Ledyard Miller

Profile
- Position: Fullback

Personal information
- Born: November 2, 1881 Cincinnati, Ohio, U.S.
- Died: May 18, 1964 (aged 82) Grosse Pointe Farms, Michigan, U.S.

Career information
- College: Yale (1903)

Awards and highlights
- Consensus All-American (1903);

= Ledyard Mitchell =

William Ledyard Mitchell (November 2, 1881 – May 18, 1964) was an automobile executive, serving as president of Maxwell Motor Company, and a co-founder of Chrysler Corporation in 1925. He was also an All-American college football player for Yale in 1903.

==Early life==
Mitchell was born in 1881 in Cincinnati. He attended Yale University, where he was played college football and was selected as a fullback on the 1903 All-America college football team.
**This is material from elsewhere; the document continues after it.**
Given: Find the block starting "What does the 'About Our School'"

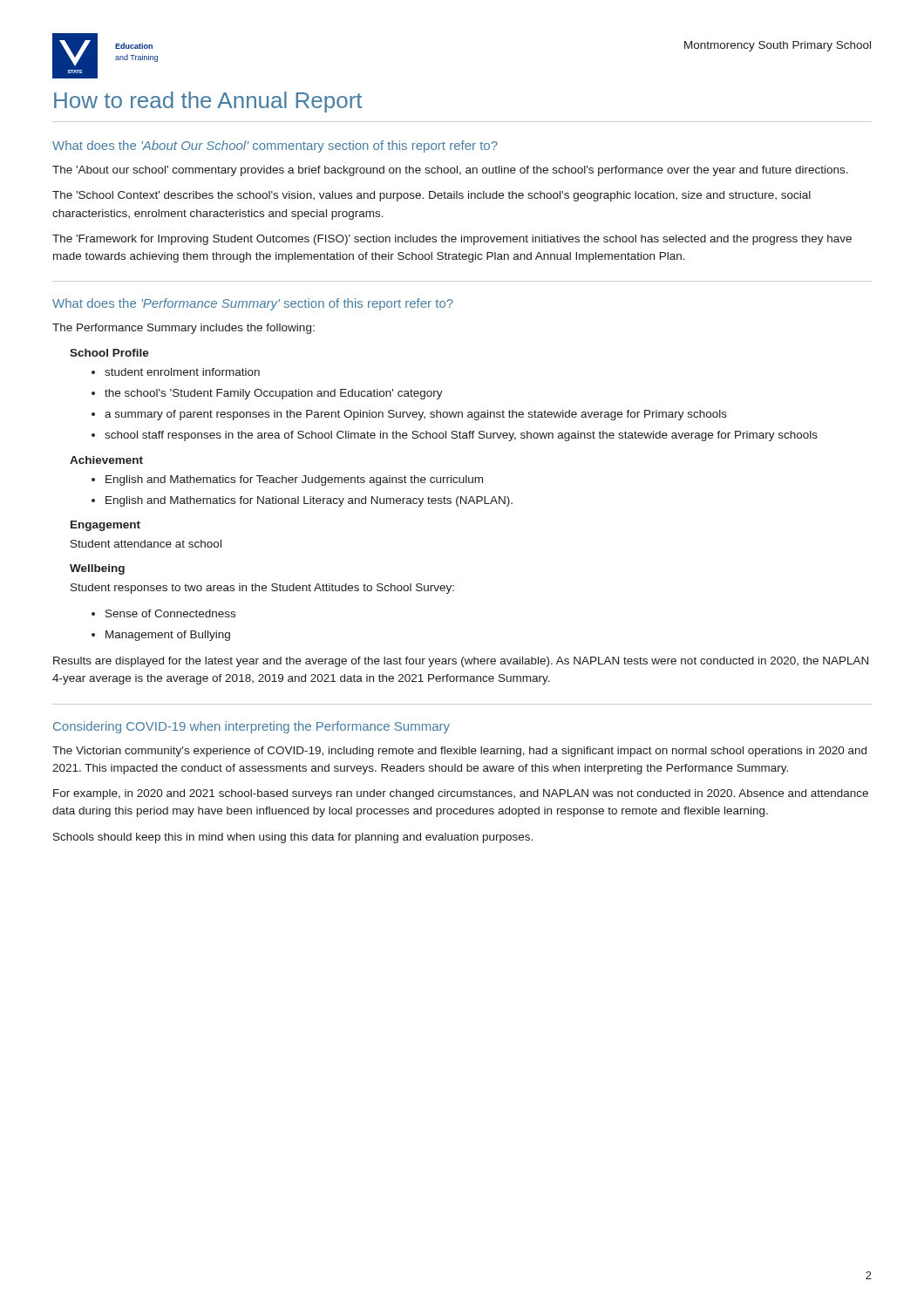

Members of the Yale Class of 1904 created the Ledyard Mitchell Cup which was awarded each year to a Yale player for proficiency in punting. He graduated from Yale in 1904. He returned to Cincinnati, working with a family business, the Robert Mitchell Furniture Company, eventually holding the position of general manager.

==Maxwell Motor Company==
Mitchell became president of the Maxwell Motor Company in December 1917. With the new position, Mitchell relocated from Cincinnati to Detroit. When Maxwell went through reorganization proceedings in 1920, Mitchell served as the company's receiver and active executive. In 1921, an executive of Dodge Brothers became president of the reorganized company, and Mitchell became a vice president.

==Chrysler Corporation==
In 1925, Mitchell was a cofounder of Chrysler Corporation which took over the assets of Maxwell. He was secretary and vice president in charge of manufacturing at Chrysler. In 1926, he became general manager of operations for Chrysler with responsibility for Chrysler's five manufacturing plants. He became general manager of Chrysler's operations. He became chairman of Chrysler's export division in 1929 and chairman of Chrysler of Canada in 1932. During World War II, he oversaw Chrysler's construction of destroyer exports for the Navy. He retired from Chrysler in 1947 at age 65.

==Family and later years==
Mitchell was married in 1910 to Sara Moulton Sherman. The couple had five children, Sara Sherman Mitchell, William Ledyard Mitchell, Jr., Mary Sherman Mitchell, Frank Sherman Mitchell and Ann Sherman Mitchell. Mitchell died on May 18, 1964, at his home in Grosse Pointe Farms, Michigan.